I have 2 rooms, each has a switch and a light connected to it, how can I control the two lights using these 2 switches so that when one light is ON the other one is OFF, ie: at any moment only one light ON and the other is OFF. Thanks.


2 Answers 2


This answer is in two parts. Read both parts before proceeding.

Part one:

Here is one way to wire two switches to do what you describe: one light always on

The switch on the left is a "three-way" and the switch on the right is a "four-way". As usual, I have omitted the fault ground wires to make the diagram clearer.

This can also be done with four conductors between the switch boxes instead of five, if you confine all the wires in a conduit or single cable. Just combine the two neutral wires into one.

I have diagrammed the method that uses one 12/3 and one 12/2 because where I live, in the U.S.A., you can buy non-metallic sheathed 12/3wG and 12/2wG cable in any building supply store, while 12/4wG is relatively hard to find.

EDIT: I have updated the diagram with the color tapes suggested in Harper's answer.

Part two:

Are you sure you want to do this? Unless you live in an abandoned missile silo, it doesn't make much sense to wire your home so that you can never turn off the lights. Are you going to have one light burning even in the daytime? Does no one sleep in your house?

Many people ask this question but no one has ever reported implementing it and being satisfied with the result.


Perfectly straightforward, but is likely to violate building codes not to mention cause fights between room occupants.

Building codes generally want to see you be able to turn on a light in any habitable room. Implied not explicitly stated: independently of each other.

Learn to stop worrying and love the burn

With LED efficiency these days, I fail to understand why anyone gets excited anymore about turning lights off. Yes, yes, using electricity usage as a metaphor for social/personal responsibility/frugality all that jazz... that might've mattered when the load was 100 watts, but at 7 watts who cares? A 7 watt bulb costs $7/year to burn 24x7. Time spent not having "teaching moments" with your kids: priceless.

Smart switches, and write any software code you want

This is the only way to do it without running a ton of wires in the walls.
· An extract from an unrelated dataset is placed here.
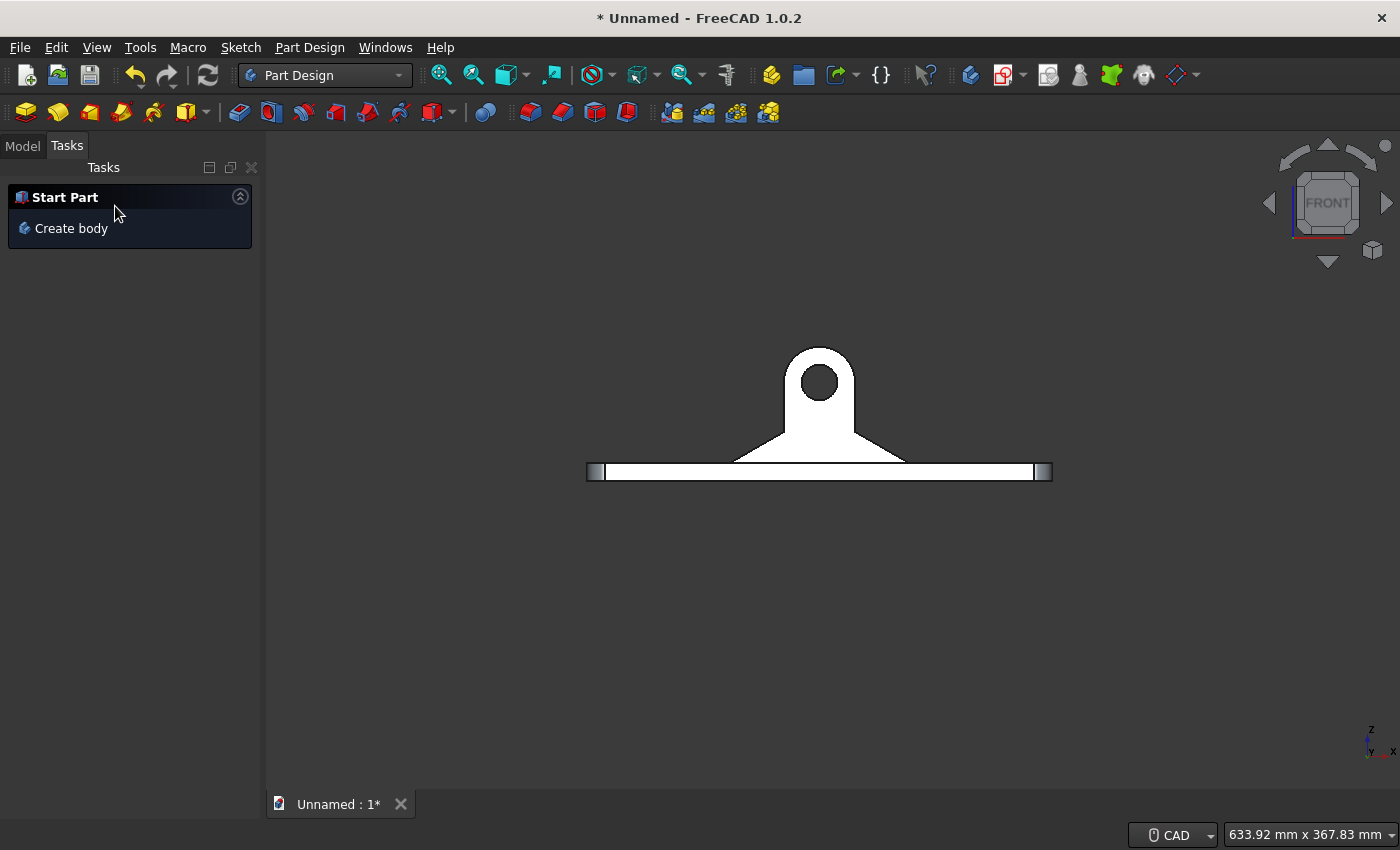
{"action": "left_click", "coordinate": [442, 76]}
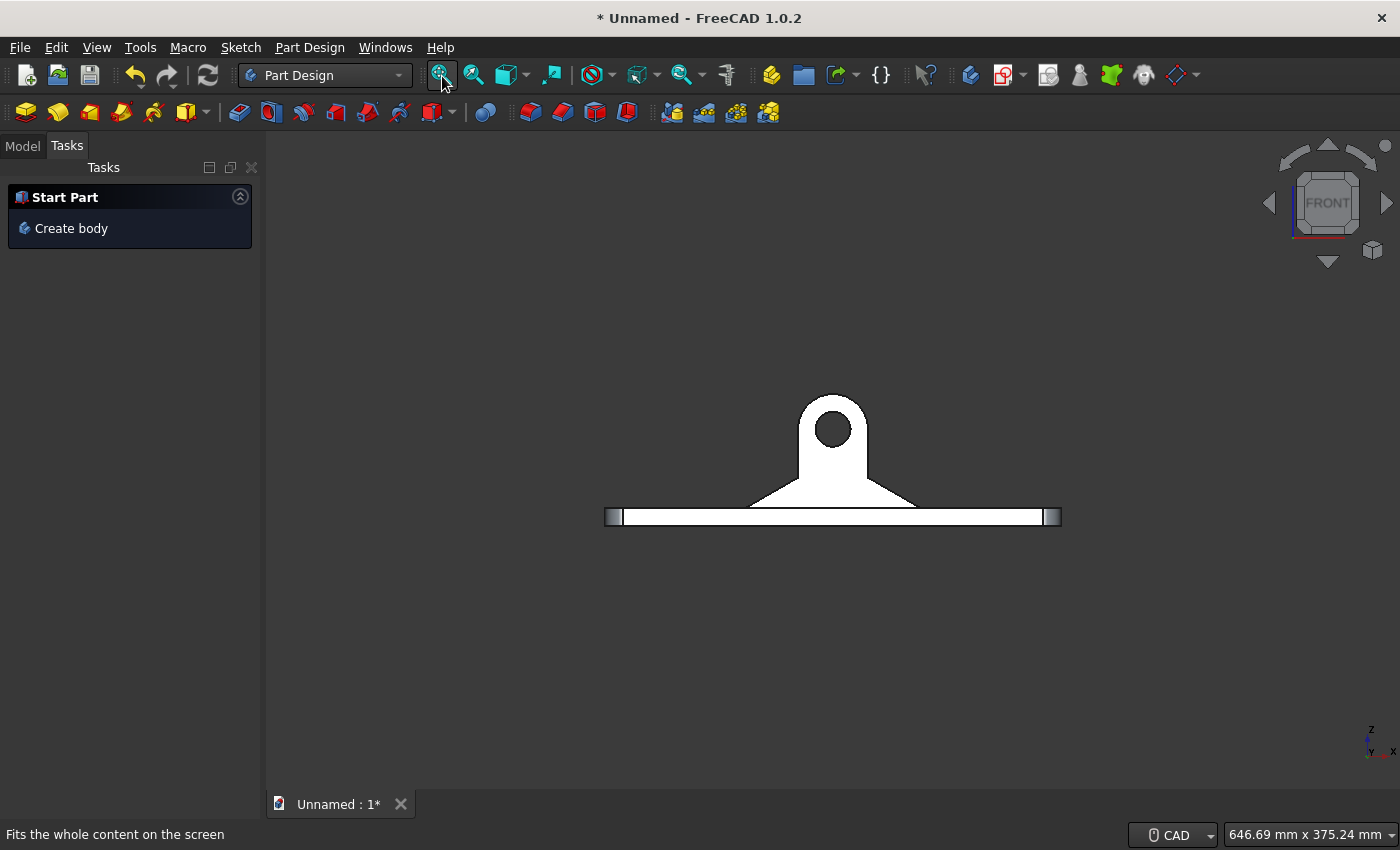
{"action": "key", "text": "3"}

Get a smart-switch system like Insteon that features a perfunctory programming language. Write code so switch 1 turns on lamp 1 and turns off lamp 2.

Then, later, when the building inspector finds this mess and writes you up for it, change the software back to normal.

Hard wire it

This setup requires power to come into one of the switches, call it switch 1.

Switch 1 gets a 3-way switch.

A /3 cable, proceeds to switch 2. White is neutral and black/red are re-taped to be yellow and carry 2 messengers.

Switch 2 is a 4-way switch. On one "side" of the 4-way (say, black screws) you attach the 2 yellow messengers.

A /2 cable goes from switch 2 to light 1. Its black wire gets marked brown on both ends, it is switched-hot. Its white wire is neutral.

A /2 cable goes from switch 2 to light 2. Its black wire gets marked red on both ends, it is also switched-hot. Its white wire is also neutral.

In each lamp, the remarked black wire, and white wire, feed the lamp.

Back in switch 2's box, the brown and red wires go to the two remaining (brass) screws on the 4-way. The neutrals are spliced together with the loose neutral.

That's it.

Throwing either switch will change which light is on. One light will always be on because that is what you specified. If you wanted something other than that, the usual error isn't stating the problem - you did that plenty clear - it's in reasoning through every combination. That there is the difference between a programmer and a systems analyst.